§ **WHAT YOU HAVE TO DO**:
Your answer is to be the exact text of the lines from the one containing "Set an oriented" through the final line of the entries, restated in full, with pictures omitted.

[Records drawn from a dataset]
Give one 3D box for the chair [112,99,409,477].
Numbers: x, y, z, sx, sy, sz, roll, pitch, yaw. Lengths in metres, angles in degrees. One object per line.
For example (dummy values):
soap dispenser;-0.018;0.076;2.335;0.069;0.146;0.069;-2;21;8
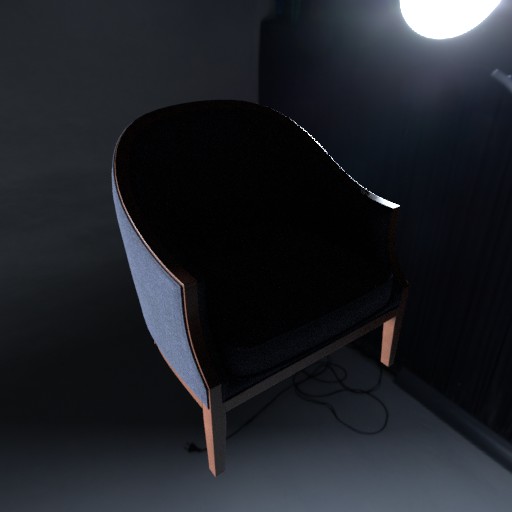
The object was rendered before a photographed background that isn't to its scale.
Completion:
chair;0.000;0.000;1.463;0.803;0.876;0.735;-20;35;-31
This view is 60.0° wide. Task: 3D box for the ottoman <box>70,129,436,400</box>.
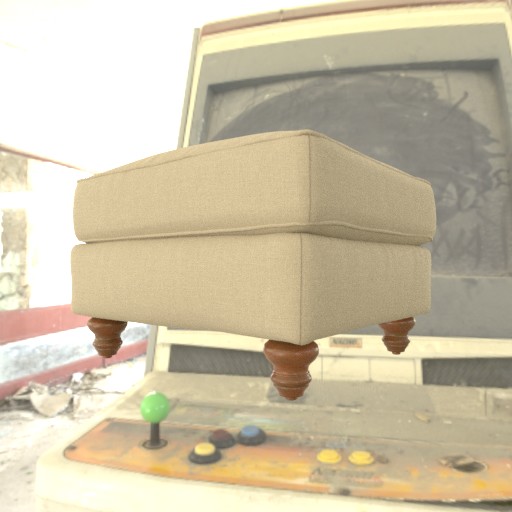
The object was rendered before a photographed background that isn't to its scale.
[{"bbox_3d":[0.000,0.000,1.122,0.716,0.505,0.662,-1,-1,38],"label":"ottoman"}]
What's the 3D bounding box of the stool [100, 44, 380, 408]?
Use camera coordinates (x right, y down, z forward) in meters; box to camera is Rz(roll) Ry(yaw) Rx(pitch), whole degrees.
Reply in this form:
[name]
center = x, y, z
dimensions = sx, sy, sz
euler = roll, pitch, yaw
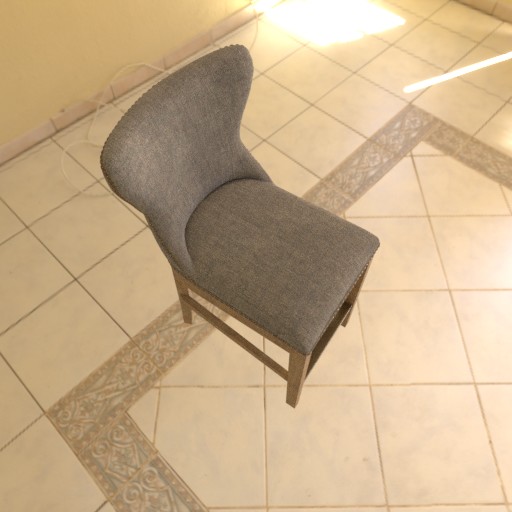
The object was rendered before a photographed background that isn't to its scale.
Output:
[stool]
center = 0.000, 0.000, 1.333
dimensions = 0.608, 0.981, 0.498
euler = 30, 63, 17
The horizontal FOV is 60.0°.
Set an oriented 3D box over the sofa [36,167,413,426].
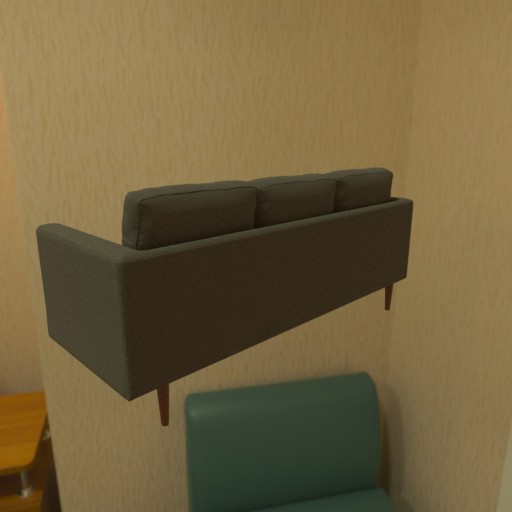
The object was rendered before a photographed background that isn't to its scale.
[{"bbox_3d":[0.000,0.000,2.447,2.029,0.912,0.802,-14,21,-43],"label":"sofa"}]

§ **RESPONSE AREA**:
Set an oriented 3D box over the sofa [36,167,413,426].
The object was rendered before a photographed background that isn't to its scale.
[{"bbox_3d":[0.000,0.000,2.447,2.029,0.912,0.802,-14,21,-43],"label":"sofa"}]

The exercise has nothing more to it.